Miró a Pacífico, quien dijo:

—Lo que usted debe hacer ahora es simplemente seguir el pasillo punto. Al final de él encontrará el Club punto.

P iba a empezar a caminar cuando sintió una puntada en el pecho. Miró hacia atrás y vio al muchacho parado junto a su bicicleta, tal como lo había visto la primera vez. Aunque le parecía raro, no podía negar que, a pesar de haber pasado apenas unas horas juntos, se había encariñado con él tanto como si lo conociera desde hacía años.

—¿Volveremos a vernos? —preguntó.

—No punto —respondió Pacífico, visiblemente triste—. El Estatuto del Club prohíbe que los asociados vuelvan a ver a los emisarios pun-to. Este es uno de los puntos fundamentales del Estatuto coma, y como tal debe ser respetado como si fuera la palabra santa de nuestra santa madre punto. Pese a eso coma, yo lo veré a usted en La Prueba punto. Pero usted no podrá verme punto. Adiós punto final.

Pacífico estiró su mano pequeña y fría y rozó la de P. Luego se dio media vuelta y empezó a pedalear. P no pudo disimular su tristeza ni tampoco Pacífico. Pero aun así entendió que ambos estaban obligados: P a deshacer el error alrededor de la solicitud de ingreso al Club, Pa-cífico a continuar recogiendo asociados.

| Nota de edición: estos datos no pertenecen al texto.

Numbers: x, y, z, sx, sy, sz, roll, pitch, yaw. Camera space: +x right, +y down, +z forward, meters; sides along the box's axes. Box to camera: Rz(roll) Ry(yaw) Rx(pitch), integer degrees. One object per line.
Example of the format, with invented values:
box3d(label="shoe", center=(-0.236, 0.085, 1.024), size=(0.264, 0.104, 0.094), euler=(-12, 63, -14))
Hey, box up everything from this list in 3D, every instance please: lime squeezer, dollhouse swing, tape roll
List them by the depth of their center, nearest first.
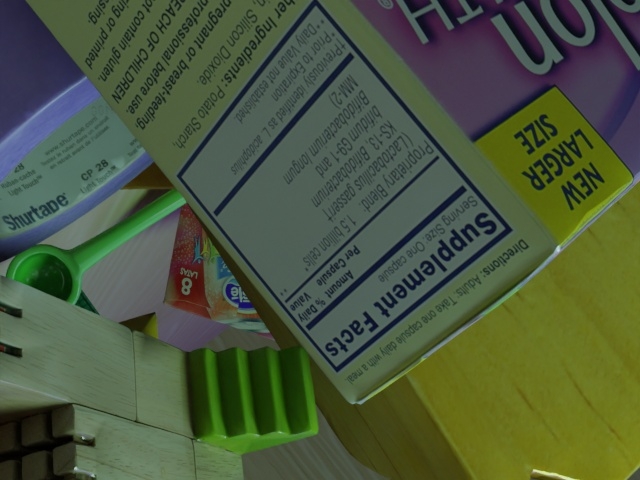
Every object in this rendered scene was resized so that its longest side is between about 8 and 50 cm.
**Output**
box3d(label="tape roll", center=(-0.128, -0.071, 0.542), size=(0.189, 0.080, 0.189), euler=(-38, 175, -4))
box3d(label="dollhouse swing", center=(0.081, -0.025, 0.772), size=(0.347, 0.315, 0.305), euler=(-35, -175, -28))
box3d(label="lime squeezer", center=(-0.210, 0.038, 0.905), size=(0.110, 0.058, 0.310), euler=(-10, 164, -48))

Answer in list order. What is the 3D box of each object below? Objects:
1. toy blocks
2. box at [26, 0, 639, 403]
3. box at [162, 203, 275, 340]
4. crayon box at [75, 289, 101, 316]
box3d(label="toy blocks", center=(-0.228, 0.115, 0.577), size=(0.382, 0.190, 0.261), euler=(-18, 154, 23))
box3d(label="box", center=(0.027, -0.102, 0.453), size=(0.213, 0.243, 0.117), euler=(-33, 173, -44))
box3d(label="box", center=(0.000, 0.000, 1.116), size=(0.300, 0.142, 0.154), euler=(-4, 108, -63))
box3d(label="crayon box", center=(-0.329, 0.165, 1.076), size=(0.278, 0.081, 0.165), euler=(-37, -179, -28))
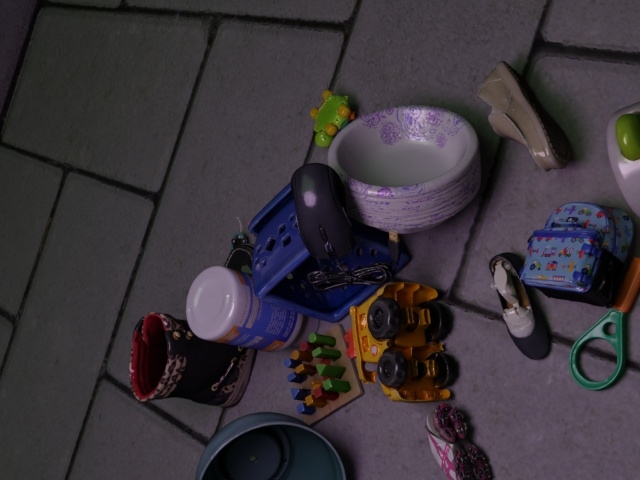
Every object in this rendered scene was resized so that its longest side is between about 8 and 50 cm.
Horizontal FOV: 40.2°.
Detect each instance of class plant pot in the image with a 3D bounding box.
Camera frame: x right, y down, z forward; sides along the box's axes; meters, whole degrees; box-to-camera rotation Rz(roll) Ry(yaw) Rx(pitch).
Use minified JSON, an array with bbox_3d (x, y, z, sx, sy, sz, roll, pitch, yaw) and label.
[{"bbox_3d":[-0.117,0.462,1.732,0.293,0.293,0.196,-67,19,4],"label":"plant pot"},{"bbox_3d":[0.000,0.000,1.776,0.236,0.236,0.212,-42,48,26],"label":"plant pot"}]

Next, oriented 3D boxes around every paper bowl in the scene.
[{"bbox_3d":[0.162,-0.123,1.664,0.284,0.148,0.284,-7,39,6],"label":"paper bowl"}]

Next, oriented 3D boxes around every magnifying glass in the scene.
[{"bbox_3d":[0.481,0.137,1.438,0.092,0.026,0.231,27,98,44],"label":"magnifying glass"}]

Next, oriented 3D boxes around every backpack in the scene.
[{"bbox_3d":[0.428,0.010,1.451,0.158,0.116,0.173,10,75,54],"label":"backpack"}]

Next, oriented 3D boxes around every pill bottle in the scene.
[{"bbox_3d":[-0.131,0.150,1.814,0.152,0.272,0.152,-15,67,38],"label":"pill bottle"}]

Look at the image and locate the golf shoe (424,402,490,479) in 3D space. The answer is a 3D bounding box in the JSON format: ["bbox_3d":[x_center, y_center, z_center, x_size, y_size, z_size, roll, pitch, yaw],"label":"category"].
[{"bbox_3d":[0.243,0.388,1.558,0.086,0.067,0.186,119,138,-50],"label":"golf shoe"}]

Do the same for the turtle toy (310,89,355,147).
[{"bbox_3d":[0.026,-0.264,1.939,0.130,0.066,0.095,-54,47,17],"label":"turtle toy"}]

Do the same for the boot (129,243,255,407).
[{"bbox_3d":[-0.254,0.182,1.894,0.138,0.284,0.378,19,94,36],"label":"boot"}]

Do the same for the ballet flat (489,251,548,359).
[{"bbox_3d":[0.341,0.112,1.539,0.074,0.074,0.203,-29,60,33],"label":"ballet flat"}]

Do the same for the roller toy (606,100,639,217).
[{"bbox_3d":[0.545,-0.133,1.347,0.146,0.209,0.191,-21,99,37],"label":"roller toy"}]

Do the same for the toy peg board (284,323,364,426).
[{"bbox_3d":[-0.014,0.275,1.804,0.160,0.079,0.161,-37,55,28],"label":"toy peg board"}]

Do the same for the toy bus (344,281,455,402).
[{"bbox_3d":[0.129,0.211,1.662,0.211,0.149,0.220,-29,61,48],"label":"toy bus"}]

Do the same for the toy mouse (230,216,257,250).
[{"bbox_3d":[-0.163,-0.002,2.055,0.161,0.031,0.143,-48,51,21],"label":"toy mouse"}]

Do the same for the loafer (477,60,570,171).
[{"bbox_3d":[0.367,-0.214,1.600,0.092,0.101,0.269,-42,44,27],"label":"loafer"}]

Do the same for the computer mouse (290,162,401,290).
[{"bbox_3d":[0.047,-0.014,1.557,0.184,0.262,0.060,-4,29,11],"label":"computer mouse"}]

Estaba a punto de llorar, cuando escuchó la voz del hermano de Pací-fico, a quien había olvidado. El hombre estaba ya reclinado sobre su bicicleta y, arreglándose los mostachos, dijo:

—Ténganos en cuenta para lo que guste coma, señor P punto. Cuando necesite algo llámenos punto. Somos Pacífico y Atlántico Sosa coma, los Hermanos Sosa a sus órdenes punto.

Entonces comenzó a pedalear detrás de su hermano.